Queensland government-owned CS Energy has already secured a deal to buy 100% of the output of the Columboola Solar Farm in Queensland. Image: Image: CS Energy/Twitter.
Queensland’s three state-owned energy generators will be able to increase their ownership of commercial renewable projects thanks to a new AU$500 million (US$364.45 million) green energy fund announced yesterday.
Forming part of the Australian state’s AU$1 billion COVID-19 recovery package, the renewables investment will enable CS Energy, Stanwell Corporation and CleanCo Queensland to explore commercial partnerships, look at power purchase agreements or build, own and operate green energy facilities, a spokesperson told PV Tech.

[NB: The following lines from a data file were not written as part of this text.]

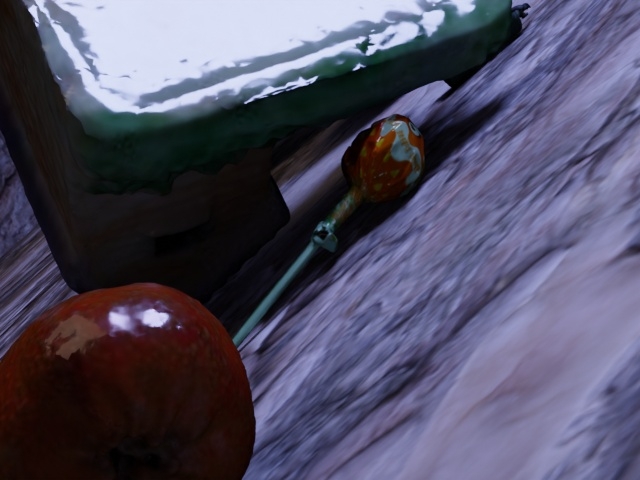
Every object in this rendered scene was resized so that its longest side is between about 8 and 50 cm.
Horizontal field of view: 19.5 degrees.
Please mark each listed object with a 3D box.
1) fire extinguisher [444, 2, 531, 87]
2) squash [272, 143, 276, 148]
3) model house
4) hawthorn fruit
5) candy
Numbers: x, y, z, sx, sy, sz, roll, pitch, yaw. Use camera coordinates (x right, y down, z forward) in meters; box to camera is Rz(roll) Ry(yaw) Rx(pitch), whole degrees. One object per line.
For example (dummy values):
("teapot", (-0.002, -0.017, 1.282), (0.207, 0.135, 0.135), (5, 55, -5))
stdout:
("fire extinguisher", (0.117, -0.143, 1.309), (0.083, 0.025, 0.038), (-39, -7, -6))
("squash", (-0.049, -0.152, 1.716), (0.219, 0.041, 0.219), (-54, 17, 25))
("model house", (-0.055, -0.106, 1.226), (0.312, 0.245, 0.280), (-21, -29, -19))
("hawthorn fruit", (-0.083, 0.074, 0.780), (0.128, 0.128, 0.128), (-38, 9, 7))
("candy", (0.000, 0.000, 1.074), (0.184, 0.049, 0.055), (-51, -19, -19))

While there are no specific projects in mind, Queensland energy minister Anthony Lynham said the funding will enable more renewable projects to get through the investment decision phase to get construction underway “as soon as possible”.
“The fund will complement our AU$145 million commitment to establish three renewable energy zones to foster jobs and growth in regional Queensland,” he said.
Renewables currently represent around 20% of the Sunshine State's energy mix, and the government has set a target to increase that share to 50% by 2030. Since 2015, 41 large-scale renewable energy projects have commenced operations, started construction or been financially committed.
While Queensland was the leading Australian state for large-scale solar development in 2018, renewable energy association Clean Energy Council notes that only three large-scale projects were financially committed in the 18 months between January 2019 and June 2020, down from 19 in 2017.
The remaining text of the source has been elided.